Dataset items:
#####

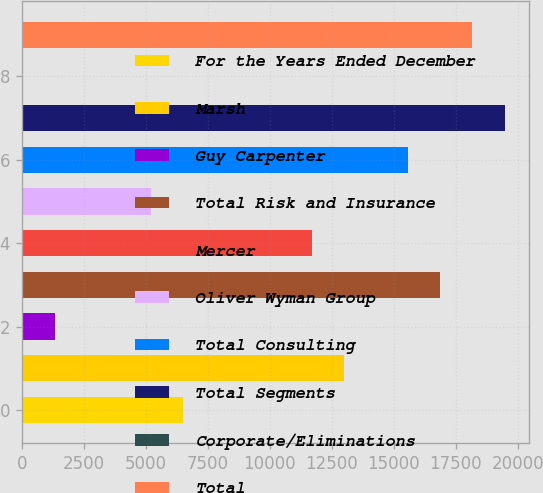Convert chart. <chart><loc_0><loc_0><loc_500><loc_500><bar_chart><fcel>For the Years Ended December<fcel>Marsh<fcel>Guy Carpenter<fcel>Total Risk and Insurance<fcel>Mercer<fcel>Oliver Wyman Group<fcel>Total Consulting<fcel>Total Segments<fcel>Corporate/Eliminations<fcel>Total<nl><fcel>6514.5<fcel>12990<fcel>1334.1<fcel>16875.3<fcel>11694.9<fcel>5219.4<fcel>15580.2<fcel>19465.5<fcel>39<fcel>18170.4<nl></chart> 
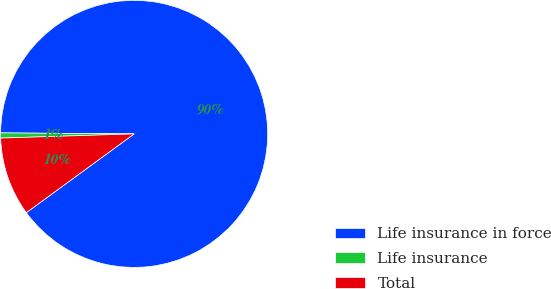<chart> <loc_0><loc_0><loc_500><loc_500><pie_chart><fcel>Life insurance in force<fcel>Life insurance<fcel>Total<nl><fcel>89.84%<fcel>0.62%<fcel>9.54%<nl></chart> 
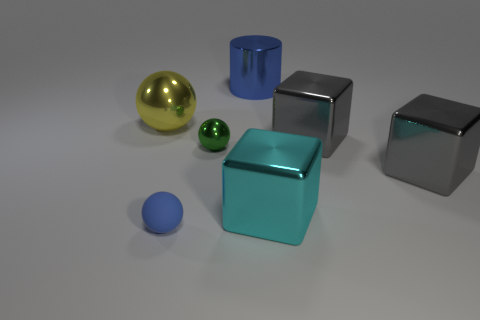Is there anything else that has the same shape as the large blue object?
Make the answer very short. No. Do the green metal thing and the cyan thing have the same shape?
Your answer should be very brief. No. Is there anything else that has the same material as the small blue sphere?
Your answer should be very brief. No. How big is the green sphere?
Offer a very short reply. Small. There is a object that is both behind the green shiny thing and on the left side of the small green thing; what color is it?
Your answer should be very brief. Yellow. Are there more cyan metal cubes than big green shiny spheres?
Give a very brief answer. Yes. What number of things are yellow things or metallic objects behind the big cyan cube?
Offer a terse response. 5. Do the shiny cylinder and the cyan metal cube have the same size?
Your answer should be very brief. Yes. Are there any shiny spheres in front of the metal cylinder?
Your answer should be very brief. Yes. What is the size of the thing that is left of the cyan metal object and to the right of the tiny green metal object?
Your answer should be compact. Large. 
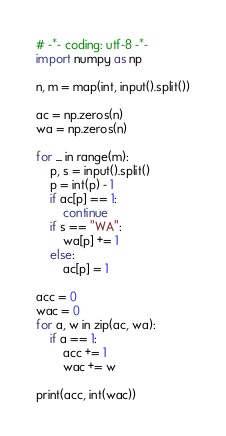<code> <loc_0><loc_0><loc_500><loc_500><_Python_># -*- coding: utf-8 -*-
import numpy as np

n, m = map(int, input().split())

ac = np.zeros(n)
wa = np.zeros(n)

for _ in range(m):
    p, s = input().split()
    p = int(p) - 1
    if ac[p] == 1:
        continue
    if s == "WA":
        wa[p] += 1
    else:
        ac[p] = 1

acc = 0
wac = 0
for a, w in zip(ac, wa):
    if a == 1:
        acc += 1
        wac += w

print(acc, int(wac))
</code> 
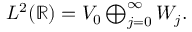Convert formula to latex. <formula><loc_0><loc_0><loc_500><loc_500>\begin{array} { r } { L ^ { 2 } ( \mathbb { R } ) = V _ { 0 } \bigoplus _ { j = 0 } ^ { \infty } W _ { j } . } \end{array}</formula> 
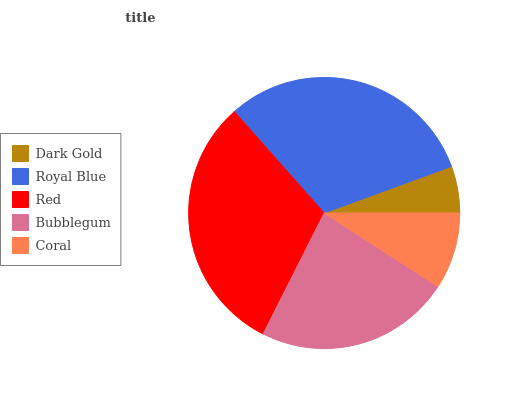Is Dark Gold the minimum?
Answer yes or no. Yes. Is Red the maximum?
Answer yes or no. Yes. Is Royal Blue the minimum?
Answer yes or no. No. Is Royal Blue the maximum?
Answer yes or no. No. Is Royal Blue greater than Dark Gold?
Answer yes or no. Yes. Is Dark Gold less than Royal Blue?
Answer yes or no. Yes. Is Dark Gold greater than Royal Blue?
Answer yes or no. No. Is Royal Blue less than Dark Gold?
Answer yes or no. No. Is Bubblegum the high median?
Answer yes or no. Yes. Is Bubblegum the low median?
Answer yes or no. Yes. Is Coral the high median?
Answer yes or no. No. Is Red the low median?
Answer yes or no. No. 
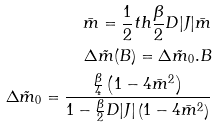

#####

**Exercise details**: Pull each line containing the word "size" out of the data above.

**Result for this task**:
Offer a terse response. 5. Do the shiny cylinder and the cyan metal cube have the same size?
Your answer should be very brief. Yes. What is the size of the thing that is left of the cyan metal object and to the right of the tiny green metal object?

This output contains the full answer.